High temperatures and extended drought in temperate and tropical arid ecosystems promote the colonization of diverse microenvironments by dark septate fungi (DSF). These fungi contribute to soil nutrient cycling, soil stabilization, and plant survival, but the roles of individual DSF species, their distributions, and their community diversity are poorly understood. The objective of this study was to evaluate the distribution, seasonal variation, and potential roles of DSF on plant growth. We collected biocrust (lichen-, moss-, and cyanobacterium-dominated biocrusts) soils at different depths and rhizosphere soils from two grasses, Bromus tectorum and Pleuraphis jamesii, in an arid grassland near Moab, Utah, USA. Seasonal variation of DSF was evaluated using culture-based approaches and compared with fungal community profiles from next-generation sequencing (NGS). Culturing showed that DSF were 30% more abundant in biocrusts compared with the focal rhizospheres. The abundance of DSF varied seasonally in belowground samples (rhizosphere and below-biocrust), with a significant increase during the summer months. Pleosporales was the dominant order (35%) in both biocrust and rhizosphere soils out of 817 isolated fungi. Dominant DSF genera in culture included Alternaria, Preussia, Cladosporium, Phoma, and an unknown Pleosporales. Similar results were observed in biocrust and rhizosphere soils NGS. Further, seed germination experiments using dominant taxa were conducted to determine their potential roles on germination and seedling growth using maize as a model plant. Cladosporium and unknown Pleosporales isolates showed plant growth–promoting ability.
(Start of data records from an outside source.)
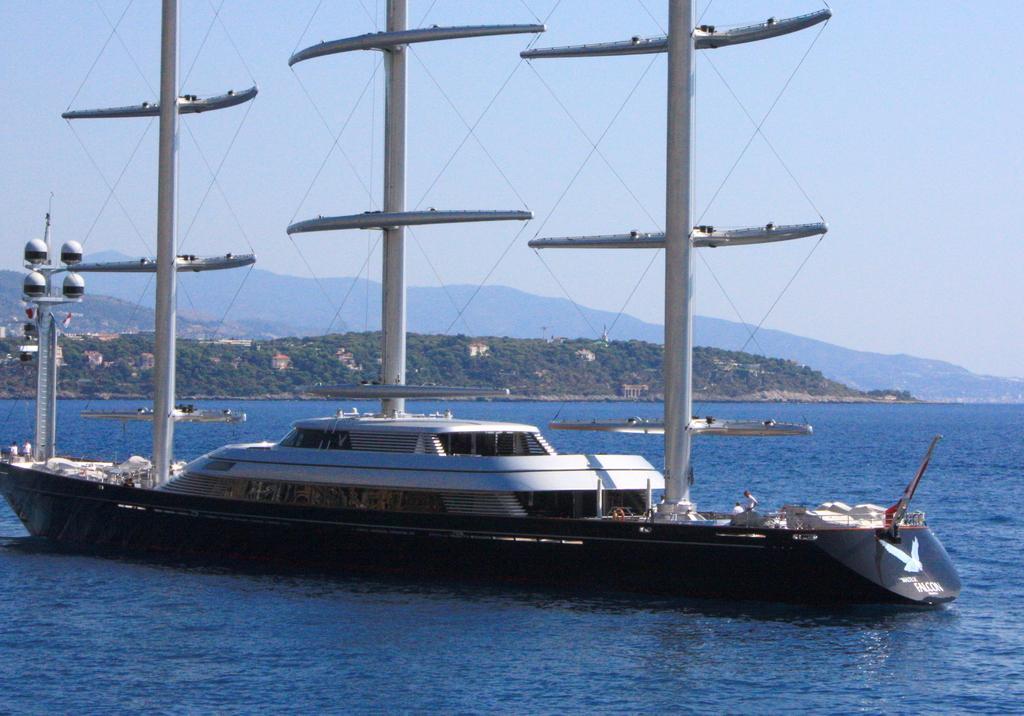In one or two sentences, can you explain what this image depicts? As we can see in the image there is water, boats, trees, houses, hills and sky. 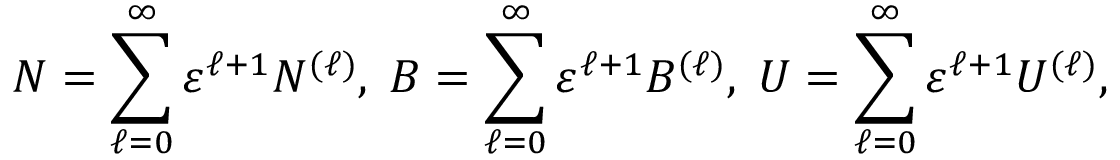Convert formula to latex. <formula><loc_0><loc_0><loc_500><loc_500>N = \sum _ { \ell = 0 } ^ { \infty } \varepsilon ^ { \ell + 1 } N ^ { ( \ell ) } , \, B = \sum _ { \ell = 0 } ^ { \infty } \varepsilon ^ { \ell + 1 } B ^ { ( \ell ) } , \, U = \sum _ { \ell = 0 } ^ { \infty } \varepsilon ^ { \ell + 1 } U ^ { ( \ell ) } ,</formula> 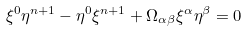Convert formula to latex. <formula><loc_0><loc_0><loc_500><loc_500>\xi ^ { 0 } \eta ^ { n + 1 } - \eta ^ { 0 } \xi ^ { n + 1 } + \Omega _ { \alpha \beta } \xi ^ { \alpha } \eta ^ { \beta } = 0</formula>

The variation in abundance of DSF, their differential occurrence in different microenvironments, and their ability to grow in a xerotolerant medium reflect adaptations to summer environmental conditions and to changes in the abundance of organic matter, as well as a potential increase in plant investment in these fungi when heat and drought stresses are more severe.

KEYWORDS:

• Biocrusts
• Cladosporium
• drylands
• endophytes
• plant growth
• Pleosporales

ACKNOWLEDGMENTS

We thank Dr. Mike Romano and Dr. Esteban Araya for their support in data analysis and Terri Tobias and Katrina Sandona for their support in establishing culture collections.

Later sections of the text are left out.